Passive DNS: Historical records of which IP addresses a domain has resolved to over time. Valuable for tracking infrastructure changes and attributing malicious activity.

Passive reconnaissance: Investigation techniques that collect information without directly interacting with target systems. Contrast with active reconnaissance.

PACER (Public Access to Court Electronic Records): The federal judiciary's online system for accessing US federal court records.

PEP (Politically Exposed Person): An individual who holds or has held a prominent public function, and their close associates, subject to enhanced due diligence under AML regulations.

Pivot: In OSINT, using one identified data point (e.g., a phone number) to discover related data (e.g., other accounts using the same number). The fundamental investigative technique.

Prompt injection: An attack against LLM-powered systems in which malicious instructions embedded in input content cause the model to deviate from its intended behavior.

RAG (Retrieval-Augmented Generation): An LLM architecture that retrieves relevant documents from a database and uses them as context when generating responses, improving accuracy and reducing hallucination.

Responsible disclosure: The practice of reporting discovered vulnerabilities to affected organizations and allowing remediation time before public disclosure.

RLHF (Reinforcement Learning from Human Feedback): A training technique that fine-tunes language models based on human preference judgments, improving alignment with human values and intended use.

SAR (Suspicious Activity Report): A report filed with FinCEN by financial institutions when they detect potentially suspicious financial activity that may indicate money laundering or other financial crimes.

Sanctions: Government-imposed restrictions on financial transactions and business dealings with specific individuals, organizations, or countries.

SIGINT (Signals Intelligence): Intelligence gathered from intercepted signals, including communications and electronic emissions.

SimHash: A locality-sensitive hash algorithm that allows near-duplicate detection; documents with similar content produce similar hash values.

SOCMINT (Social Media Intelligence): Intelligence gathered from social media platforms.

STIX (Structured Threat Information eXpression): A standardized language for representing and sharing threat intelligence.

Subdomain enumeration: The process of discovering subdomains of a target domain using certificate transparency logs, DNS bruteforcing, or passive sources.

Threat intelligence: Information about current or potential attacks, including indicators of compromise, threat actor profiles, and attack methodologies.

Tor (The Onion Router): An anonymizing network that routes internet traffic through multiple relay nodes to obscure origin. Used for anonymization in sensitive investigations and to access .onion dark web sites.
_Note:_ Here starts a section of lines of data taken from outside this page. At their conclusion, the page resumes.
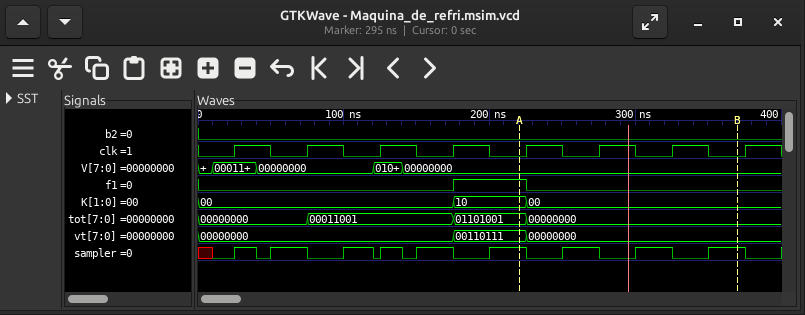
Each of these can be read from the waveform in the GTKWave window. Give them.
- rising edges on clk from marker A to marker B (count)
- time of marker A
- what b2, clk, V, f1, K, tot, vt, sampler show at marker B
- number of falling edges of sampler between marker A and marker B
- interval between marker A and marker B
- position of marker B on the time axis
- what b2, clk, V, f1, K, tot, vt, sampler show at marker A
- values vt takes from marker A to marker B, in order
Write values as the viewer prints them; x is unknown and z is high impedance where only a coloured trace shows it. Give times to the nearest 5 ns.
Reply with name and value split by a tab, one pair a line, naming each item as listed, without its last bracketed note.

rising edges on clk from marker A to marker B	3
time of marker A	220 ns
what b2, clk, V, f1, K, tot, vt, sampler show at marker B	b2=0, clk=0, V=00000000, f1=0, K=00, tot=00000000, vt=00000000, sampler=1
number of falling edges of sampler between marker A and marker B	3
interval between marker A and marker B	150 ns
position of marker B on the time axis	370 ns
what b2, clk, V, f1, K, tot, vt, sampler show at marker A	b2=0, clk=0, V=00000000, f1=1, K=10, tot=01101001, vt=00110111, sampler=1
values vt takes from marker A to marker B, in order	00110111, 00000000
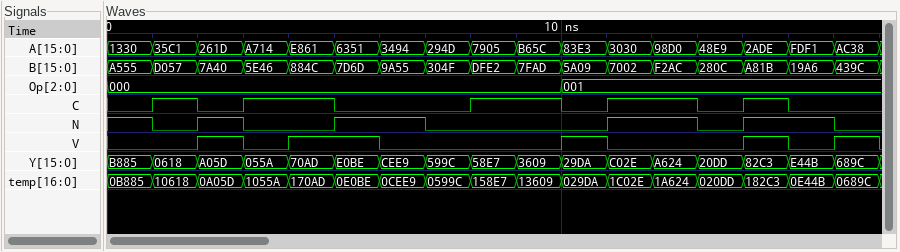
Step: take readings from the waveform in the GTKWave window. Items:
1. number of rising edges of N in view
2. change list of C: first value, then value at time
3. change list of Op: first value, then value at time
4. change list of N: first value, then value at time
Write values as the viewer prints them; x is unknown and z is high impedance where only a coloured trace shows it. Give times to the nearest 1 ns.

4
0, 1 at 1 ns, 0 at 2 ns, 1 at 3 ns, 0 at 5 ns, 1 at 8 ns, 0 at 10 ns, 1 at 11 ns, 0 at 13 ns, 1 at 14 ns, 0 at 15 ns
000, 001 at 10 ns
1, 0 at 1 ns, 1 at 2 ns, 0 at 3 ns, 1 at 5 ns, 0 at 7 ns, 1 at 11 ns, 0 at 13 ns, 1 at 14 ns, 0 at 16 ns

TTP (Tactics, Techniques, and Procedures): The behavioral profile of a threat actor, describing how they operate. Defined in frameworks like MITRE ATT&CK.

UCC (Uniform Commercial Code): A set of laws governing commercial transactions in the US. UCC filings (secured transaction records) are valuable in asset investigation.

Vector database: A database optimized for storing and searching high-dimensional vector embeddings, enabling semantic similarity search.

WHOIS: A query-response protocol for obtaining registration information about internet resources including domain names and IP address blocks. WHOIS privacy services increasingly obscure registrant data.

Zero-day: A previously unknown software vulnerability for which no patch exists. In OSINT, relevant to threat intelligence about unpatched vulnerabilities being actively exploited.